While most cytoskeletal models in literature emphasize either reaction-diffusion modeling of cytoskeletal chemistry or semi-flexible polymer chain mechanics of the constituent filaments, the MEDYAN model intimately couples the chemical processes of an active cytoskeletal network with its underlying polymer mechanics by iteratively swtiching between stochastic reaction-diffusion simulation and network mechanical equilibration, producing an efficient yet detailed cytoskeletal network evolution. With chemical and mechanical representations of semi-flexible polymers, cross-linking molecules, molecular motors, as well as polymer branching and severing molecules, MEDYAN allows for an explicit treatment of the key elements involved in cytoskeletal evolution.
Our lab has developed a third-generation C++ software package based on the MEDYAN model, to simulate growth dynamics of actin based filamentous networks in vitro and in vivo. This code is publicly available for scientific use at
medyan.org, which contains the MEDYAN source code, installation instructions, visualization tools, and user guide.
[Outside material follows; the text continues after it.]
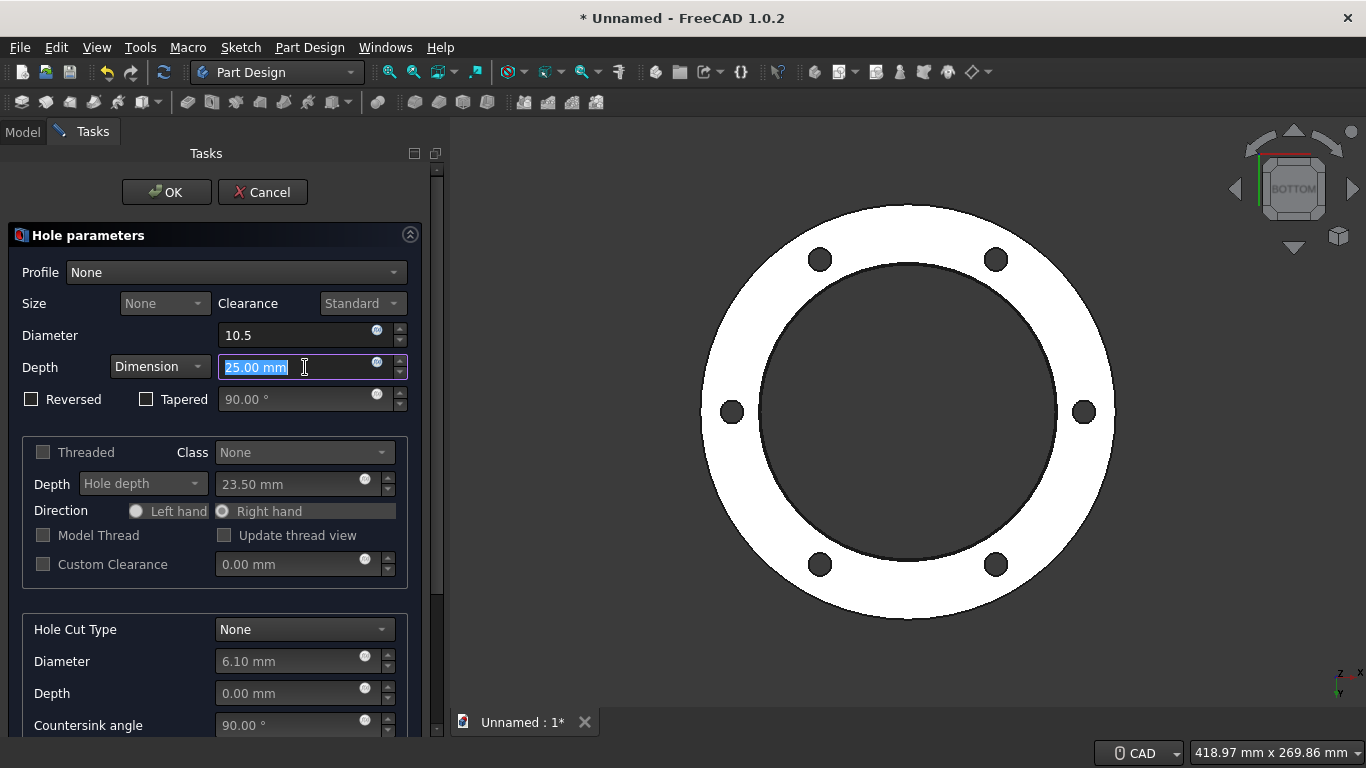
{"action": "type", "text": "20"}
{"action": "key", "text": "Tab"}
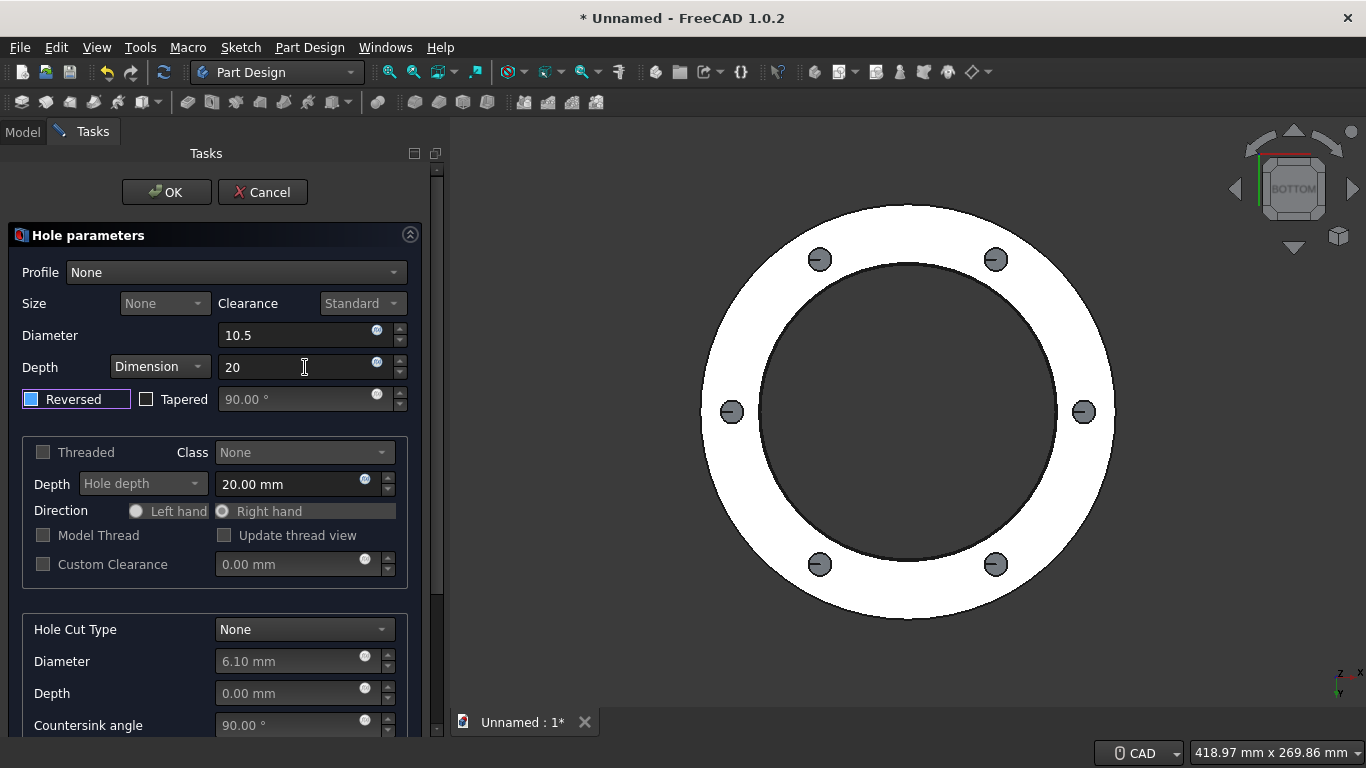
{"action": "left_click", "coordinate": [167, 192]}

Proteins and other biomolecules can be simulated on a computer primarily in two ways: relying either on atomistic or coarse-grained force fields. The latter approaches, which enable treating large systems at long timescales, come in with rather broad variety of choices, compared with the atomistic models. In particular, many useful coarse-grained protein force fields require prior knowledge of the native structure for the specific protein target, often with the stated goal of simulating protein folding kinetics and dynamics.
These methods, however, cannot be used when the target protein structure is unknown or non-native interactions play a significant role. To address such problems, several coarse-grained protein force fields have been developed in the last 30 years or so that allow de novo structure prediction even in the absence of sequence homology.
The AWSEM potential is a prominent member of this latter group, where various research groups have successfully demonstrated its broad applications in monomeric protein structure prediction, binding predictions of dimers and multimeric assemblies, folding of membrane proteins, and structural and kinetic studies of protein-DNA complexes. AWSEM naturally covers the whole spectrum between native-structure-based and de novo methods, and can be used both with the knowledge of native structures, and without such explicit knowledge. In the latter case it relies solely on sequence information. Because AWSEM's potential is analytical and differentiable, it is currently implemented as a molecular dynamics algorithm (AWSEM-MD).
AWSEM is immplemented in C++ as an add-on package compatible with the LAMMPS simulation platform. This code is publicly available for scientific use at
awsem-md.org, which contains the AWSEM source code and user guides.